The number may actually be any string of the digits 0-9 (no decimals or commas or signs).
The word can only contain the lowercase letters a-z.

Examples

The number 32 must be converted as ?m?n?, where ? represents any finite string made from the letters aehiouwxy (a string from the free monoid if you prefer). There are many ways this could be made into a real English word: mane, moon, yeoman, etc.

The number 05 could be converted as ?s?l? or ?z?l?. Some possibilities are easily, hassle, and hazel. The word shawl is not allowed because h may not be placed after s; it would be incorrectly read as 65.

Challenge

Write a program or function that takes in a string of the digits 0-9 and finds all the words that it could be converted into using the simplified major system mnemonic.

Your program has access to a word list text file that defines what all the "real" English words are. There is one lowercase a-z word on each line of this file, and you may optionally assume it has a trailing newline. Here is a list of real words you can use for testing. You can assume this word list file is called f (or something longer) and lies in any convenient directory.

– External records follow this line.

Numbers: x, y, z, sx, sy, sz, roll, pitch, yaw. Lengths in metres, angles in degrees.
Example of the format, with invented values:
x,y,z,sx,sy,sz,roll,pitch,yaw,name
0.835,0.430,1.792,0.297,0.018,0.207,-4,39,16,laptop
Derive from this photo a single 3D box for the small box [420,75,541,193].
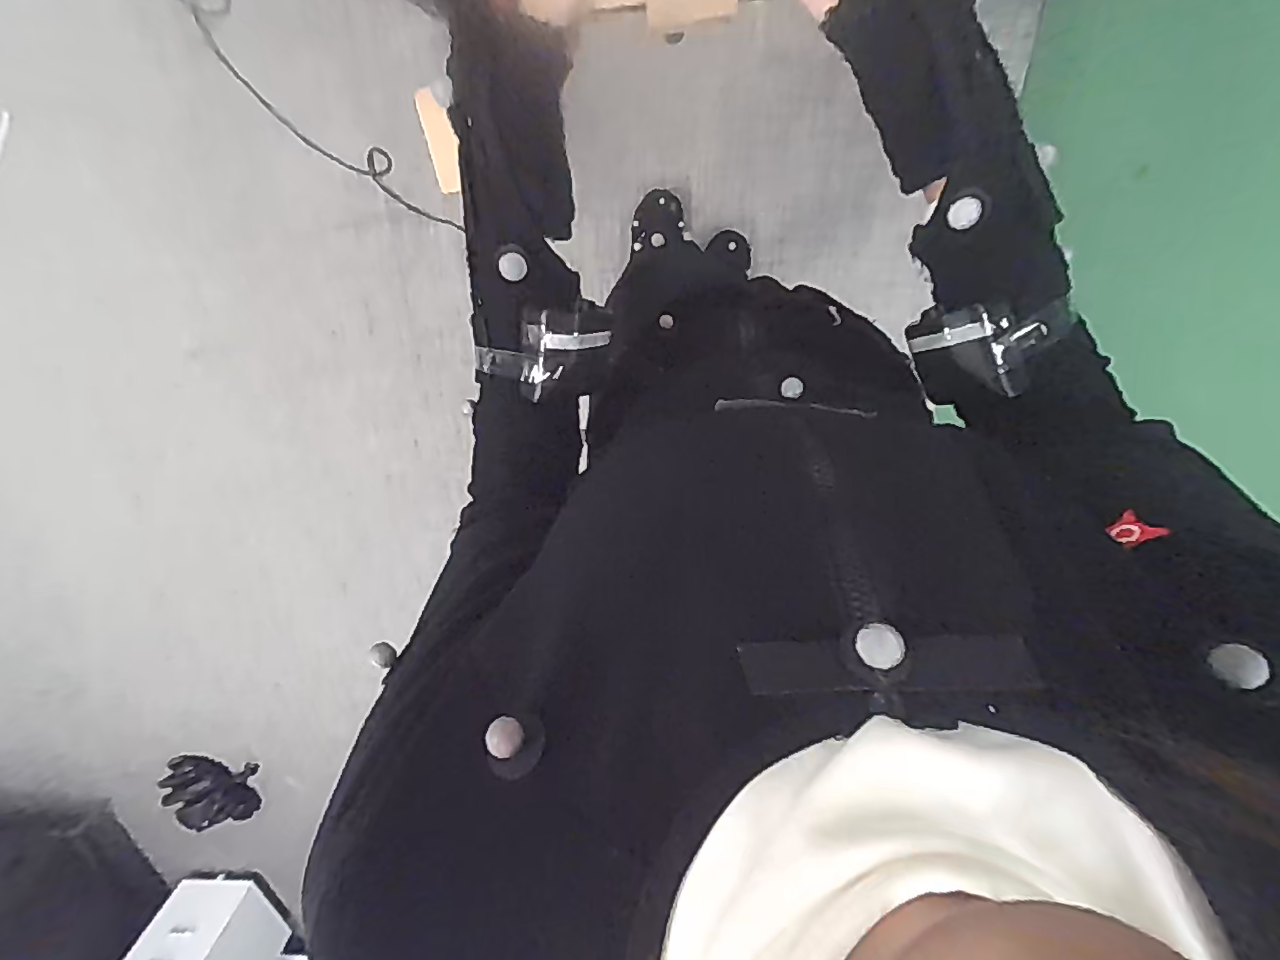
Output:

For a 35 byte penalty (add 35 to your score) you may assume the word list is already loaded into a variable as a list of strings. This is mainly for languages that can't read files, but any submission may take advantage of it.

Your program must output all the words in the word list that the input number can be converted to. They should be printed to stdout (or similar), one per line (with an optional trailing newline), or they can be returned as a list of strings if you chose to write a function. The word list is not necessarily alphabetized and the output doesn't need to be either.

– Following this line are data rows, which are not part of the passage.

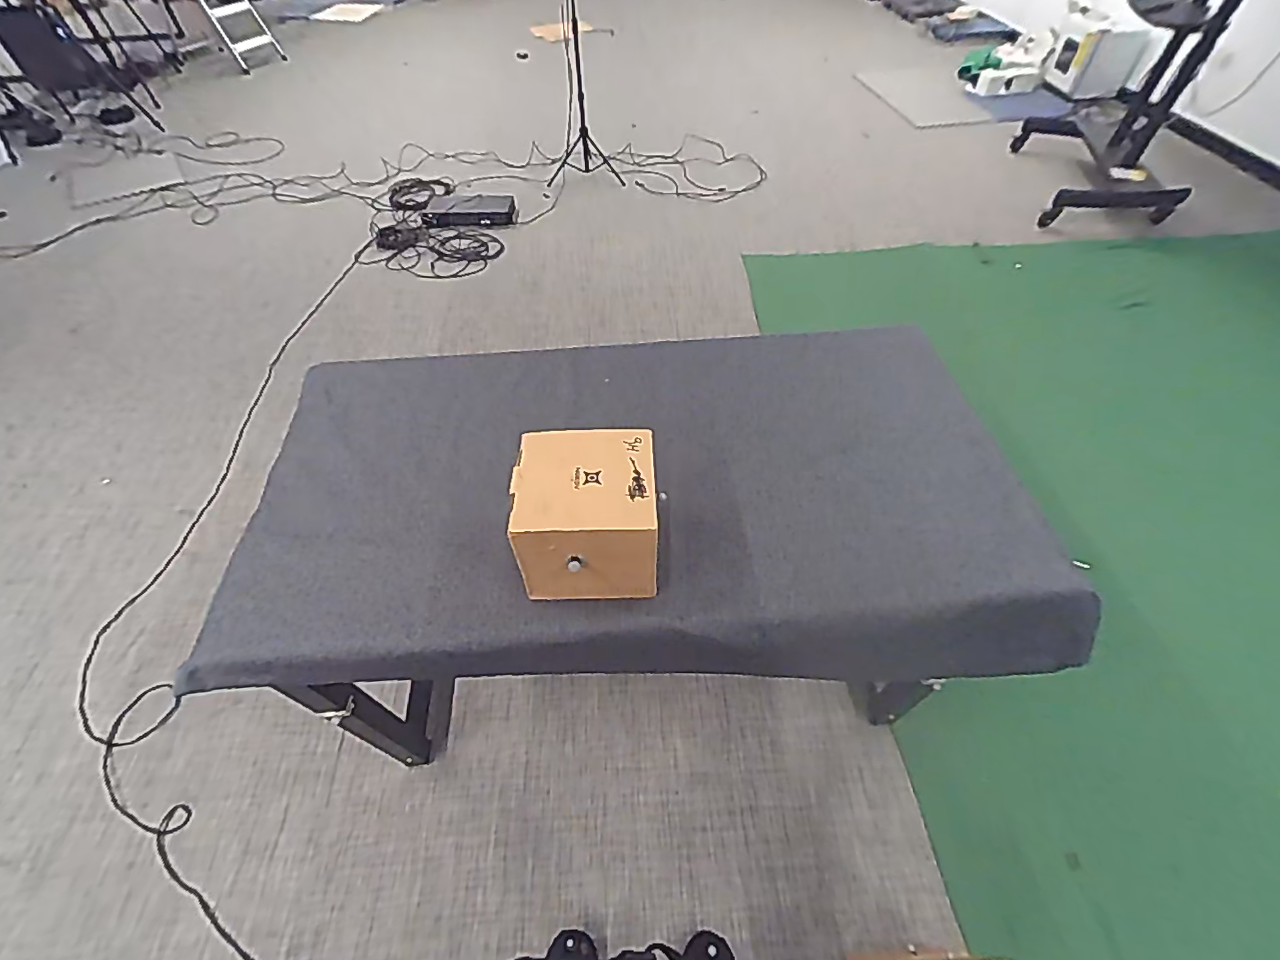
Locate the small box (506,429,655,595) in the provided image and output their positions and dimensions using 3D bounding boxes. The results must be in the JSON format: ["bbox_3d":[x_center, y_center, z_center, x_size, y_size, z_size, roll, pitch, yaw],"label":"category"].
[{"bbox_3d":[-0.069,0.047,0.739,0.179,0.176,0.168,-1,51,0],"label":"small box"}]

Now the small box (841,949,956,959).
[{"bbox_3d":[0.472,0.946,0.954,0.179,0.176,0.168,-4,50,-1],"label":"small box"}]

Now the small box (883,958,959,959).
[{"bbox_3d":[0.459,0.844,0.825,0.179,0.176,0.168,-2,50,0],"label":"small box"}]

If there are no possible words then the output (or the list) will be empty. The output is also empty if the empty string is input.

Take input via stdin, command line, or as a string argument to a function. The word list, or its file name, should not be part of the input, only the digit string.

You are only matching single words in the word list, not sequences of words. The word noon would probably be one of the results for 22, but the word sequence no one wouldn't.

Test Cases

Suppose this is the word list:

stnmrljkfp
zthnmrlshqfb
asatanamaralajakafapa
aizxydwwwnhimouooraleshhhcavabe
zdnmrlshcvb
zdnmrlshchvb
sthnmrlchgvb
shthnmrlchgvb
bob
pop
bop
bopy
boppy

The input 0123456789 should give all the long words except zdnmrlshchvb and shthnmrlchgvb:

stnmrljkfp
zthnmrlshqfb
asatanamaralajakafapa
aizxydwwwnhimouooraleshhhcavabe
zdnmrlshcvb
sthnmrlchgvb

The input 99 should give:

bob
pop
bop
bopy

(The output words may be in any order.)

Scoring

The shortest submission in bytes wins. Tiebreaker goes to the submission posted first.

Nifty related site: numzi.com.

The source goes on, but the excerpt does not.